Saat mengembangkan studi AHA, Dr Levine juga melihat semua data dan menyimpulkan bahwa faktor kesehatan psikologis negatif terkait dengan banyak faktor risiko penyakit kardiovaskular.

Kabar baiknya, karena pikiran, hati, dan tubuh saling berhubungan dan saling bergantung, seseorang dapat meningkatkan kesehatan kardiovaskularnya dengan mengupayakan pandangan psikologis yang lebih positif.

"Kita dapat memutuskan untuk mengubah pola pikir tentang situasi stres itu atau menetapkan batasan untuk menjaga agar stres tidak menjadi racun."

Demikian diterangkan pakar manajemen stres, Dr Cynthia Ackrill.

"Kita tidak boleh mengabaikan kemampuan kita untuk berperan dalam kesejahteraan hidup," lanjut dia.

Efek tinggi pada orang yang lebih muda

Studi baru mengikuti 412 orang dewasa multiras antara usia 48-87 tahun dengan tekanan darah normal, mengukur kadar hormon stres urin pada beberapa titik waktu antara 2005-2018.

Tingkat hormon kemudian dibandingkan dengan peristiwa kardiovaskular yang mungkin terjadi seperti hipertensi, sakit jantung, serangan jantung, dan operasi bypass.

"Penelitian sebelumnya berfokus pada hubungan antara kadar hormon stres dan hipertensi atau kejadian kardiovaskular pada pasien dengan hipertensi yang sudah ada."

Demikian dikatakan penulis studi dan asisten profesor epidemiologi sosial di Kyoto University, di Kyoto, Jepang, Dr Kosuke Inoue.

"Namun, penelitian yang mengamati orang dewasa tanpa hipertensi masih kurang," ujar dia.

Studi ini menguji tiga hormon (norepinefrin, epinefrin, dan dopamin) yang mengatur sistem saraf otonom dan mengontrol fungsi tubuh yang tidak disengaja seperti detak jantung, tekanan darah, serta pernapasan.

Dokter Inoue dan timnya juga melihat kadar kortisol dan hormon steroid yang dilepaskan oleh tubuh sebagai reaksi terhadap stres akut seperti bahaya.

Setelah bahaya berlalu, tubuh mengurangi produksi kortisol. Tetapi, jika seseorang terus menerus stres, kadar kortisol dapat terus meningkat.

"Norepinefrin, epinefrin, dopamin dan kortisol dapat meningkat dengan stres dari peristiwa kehidupan, pekerjaan, hubungan, keuangan, serta masih banyak lagi," ungkap dia.
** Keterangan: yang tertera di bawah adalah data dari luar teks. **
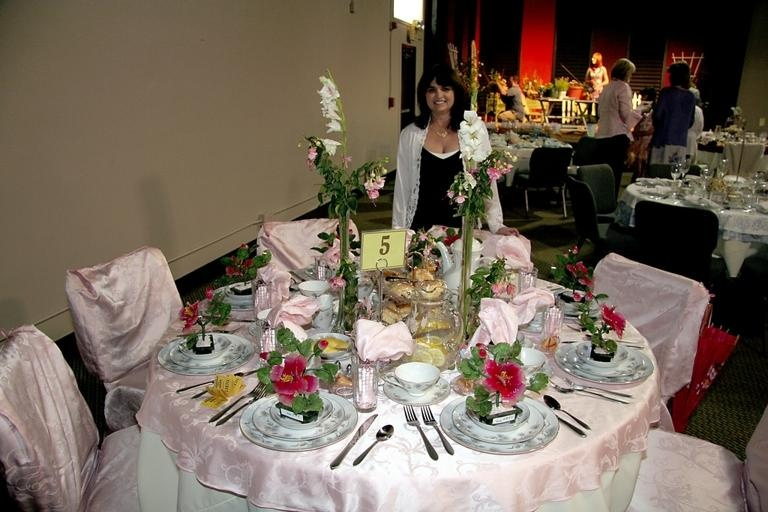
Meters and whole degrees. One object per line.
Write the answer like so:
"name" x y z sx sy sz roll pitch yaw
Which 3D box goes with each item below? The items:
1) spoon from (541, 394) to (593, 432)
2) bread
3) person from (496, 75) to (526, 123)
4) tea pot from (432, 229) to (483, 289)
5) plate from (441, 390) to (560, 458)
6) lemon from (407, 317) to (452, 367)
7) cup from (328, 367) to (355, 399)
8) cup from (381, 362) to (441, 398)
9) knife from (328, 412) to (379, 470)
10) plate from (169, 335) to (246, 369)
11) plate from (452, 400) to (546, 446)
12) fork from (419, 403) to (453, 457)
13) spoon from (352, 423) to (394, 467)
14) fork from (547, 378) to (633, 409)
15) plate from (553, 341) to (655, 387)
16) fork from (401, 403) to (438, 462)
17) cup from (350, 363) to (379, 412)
"spoon" 0.631 0.547 1.767 0.050 0.035 0.240 -16 40 -33
"bread" 0.103 0.156 2.121 0.211 0.086 0.270 -13 24 -4
"person" 2.564 -3.102 10.028 0.620 1.092 0.588 9 15 26
"tea pot" 0.325 0.032 2.203 0.220 0.252 0.159 2 14 8
"plate" 0.377 0.590 1.651 0.222 0.033 0.228 12 25 28
"lemon" 0.191 0.327 1.922 0.179 0.261 0.167 1 -4 -9
"cup" -0.149 0.516 1.874 0.038 0.099 0.070 0 54 22
"cup" 0.108 0.455 1.794 0.148 0.064 0.107 -5 12 15
"knife" -0.102 0.627 1.641 0.042 0.020 0.416 22 7 12
"plate" -0.739 0.378 2.055 0.280 0.037 0.295 12 8 24
"plate" 0.377 0.567 1.671 0.306 0.050 0.316 -17 3 22
"fork" 0.175 0.582 1.681 0.039 0.035 0.231 -11 32 -14
"spoon" -0.025 0.611 1.628 0.051 0.036 0.250 25 34 16
"fork" 0.785 0.515 1.847 0.325 0.041 0.099 12 27 15
"plate" 0.890 0.447 1.958 0.199 0.051 0.207 2 17 0
"fork" 0.122 0.587 1.668 0.043 0.038 0.265 -6 38 -14
"cup" -0.065 0.456 1.752 0.089 0.188 0.083 1 22 0
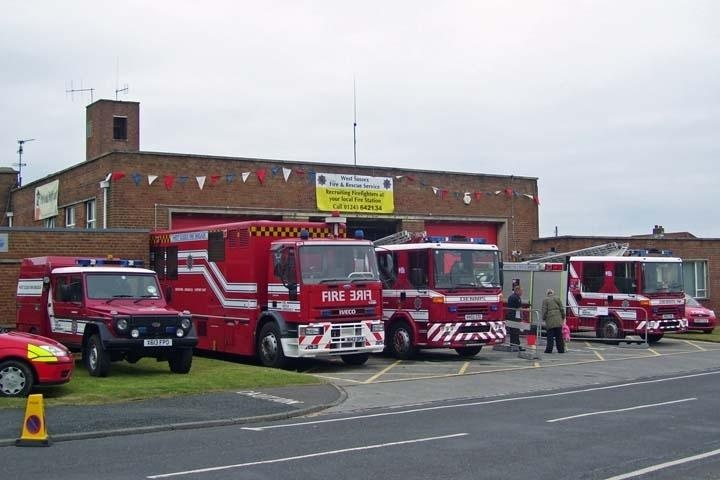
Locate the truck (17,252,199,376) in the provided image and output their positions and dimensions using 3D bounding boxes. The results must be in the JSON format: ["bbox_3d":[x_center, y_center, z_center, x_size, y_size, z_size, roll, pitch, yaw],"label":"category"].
[{"bbox_3d":[-6.961,2.058,23.214,3.261,3.356,7.441,0,-4,-36],"label":"truck"}]

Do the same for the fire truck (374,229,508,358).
[{"bbox_3d":[2.250,1.564,27.337,2.821,3.399,7.391,1,-2,-27],"label":"fire truck"}]

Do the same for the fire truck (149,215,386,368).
[{"bbox_3d":[-3.501,1.589,27.584,3.567,4.581,9.493,1,-3,-40],"label":"fire truck"}]

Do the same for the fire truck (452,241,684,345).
[{"bbox_3d":[9.352,2.222,35.294,3.022,3.287,8.203,-2,-1,-36],"label":"fire truck"}]

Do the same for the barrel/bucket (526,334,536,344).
[{"bbox_3d":[5.582,3.153,27.254,0.290,0.348,0.297,0,-3,0],"label":"barrel/bucket"}]

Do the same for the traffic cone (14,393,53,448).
[{"bbox_3d":[-6.372,3.547,16.489,0.628,1.011,0.326,-3,-3,13],"label":"traffic cone"}]
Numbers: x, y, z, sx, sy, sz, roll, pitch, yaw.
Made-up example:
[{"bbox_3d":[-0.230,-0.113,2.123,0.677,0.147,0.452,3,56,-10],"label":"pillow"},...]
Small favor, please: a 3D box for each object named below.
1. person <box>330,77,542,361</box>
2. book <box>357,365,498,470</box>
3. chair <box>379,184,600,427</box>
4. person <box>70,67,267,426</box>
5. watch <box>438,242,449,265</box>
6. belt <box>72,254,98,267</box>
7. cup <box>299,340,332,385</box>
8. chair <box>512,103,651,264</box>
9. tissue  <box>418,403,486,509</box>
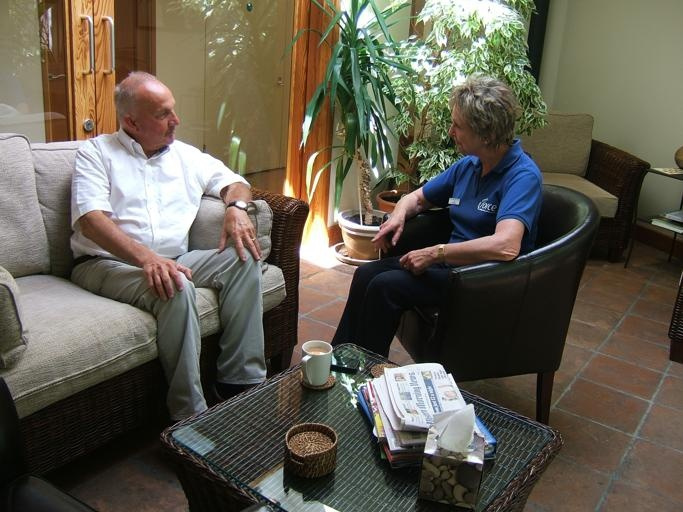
[{"bbox_3d":[0.385,-0.021,2.101,0.910,1.428,0.748,2,17,-12],"label":"person"},{"bbox_3d":[0.198,0.407,1.212,0.231,0.057,0.234,5,30,-26],"label":"book"},{"bbox_3d":[0.599,0.250,2.171,0.902,1.011,0.948,8,17,16],"label":"chair"},{"bbox_3d":[-0.728,-0.063,2.079,0.837,1.416,0.803,5,7,29],"label":"person"},{"bbox_3d":[0.418,-0.014,1.885,0.038,0.067,0.065,1,-4,15],"label":"watch"},{"bbox_3d":[-1.100,0.008,1.995,0.079,0.033,0.061,-9,3,4],"label":"belt"},{"bbox_3d":[-0.083,0.353,1.465,0.079,0.096,0.121,9,-18,-42],"label":"cup"},{"bbox_3d":[1.913,-0.657,4.220,0.988,1.229,1.196,0,20,0],"label":"chair"},{"bbox_3d":[0.249,0.462,1.069,0.130,0.270,0.137,5,24,15],"label":"tissue "}]
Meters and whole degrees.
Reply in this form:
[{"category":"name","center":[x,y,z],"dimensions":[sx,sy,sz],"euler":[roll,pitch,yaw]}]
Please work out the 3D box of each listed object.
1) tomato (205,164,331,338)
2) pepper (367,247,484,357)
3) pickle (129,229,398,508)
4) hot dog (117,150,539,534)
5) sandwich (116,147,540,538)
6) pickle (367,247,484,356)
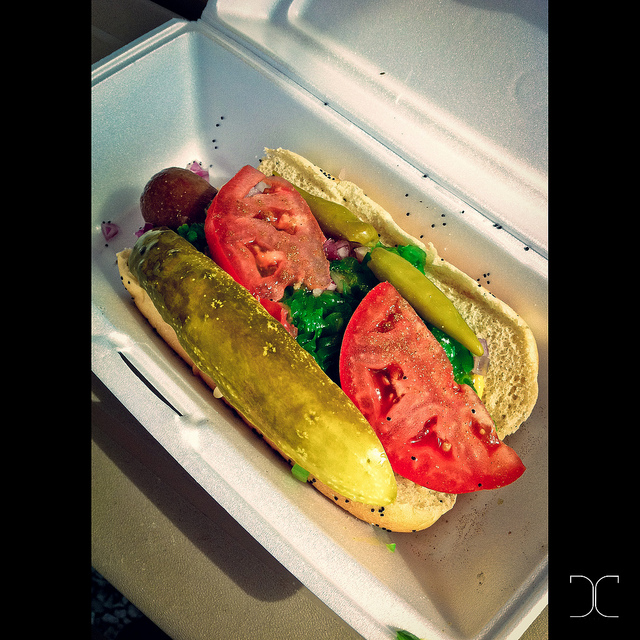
[{"category":"tomato","center":[-0.107,-0.166,1.299],"dimensions":[0.260,0.304,0.254],"euler":[-16,34,-21]},{"category":"pepper","center":[0.228,-0.052,1.313],"dimensions":[0.202,0.205,0.208],"euler":[-15,28,-30]},{"category":"pickle","center":[-0.083,0.076,1.213],"dimensions":[0.444,0.432,0.478],"euler":[-12,33,-10]},{"category":"hot dog","center":[-0.072,0.098,1.392],"dimensions":[0.945,0.282,0.568],"euler":[49,53,2]},{"category":"sandwich","center":[-0.077,0.103,1.388],"dimensions":[0.943,0.285,0.559],"euler":[46,55,4]},{"category":"pickle","center":[0.199,-0.030,1.276],"dimensions":[0.221,0.066,0.067],"euler":[46,23,5]}]

Studi tersebut juga menemukan, menggandakan tingkat kortisol saja — bukan norepinefrin, epinefrin atau dopamin — dikaitkan dengan risiko 90 persen lebih tinggi mengalami kejadian kardiovaskular.

Setiap kali tingkat gabungan dari keempat hormon stres berlipat ganda, risiko terkena tekanan darah tinggi meningkat antara 21-31 persen.

Menurut para peneliti, efeknya pun lebih terasa pada orang-orang yang lebih muda atau berusia di bawah 60 tahun.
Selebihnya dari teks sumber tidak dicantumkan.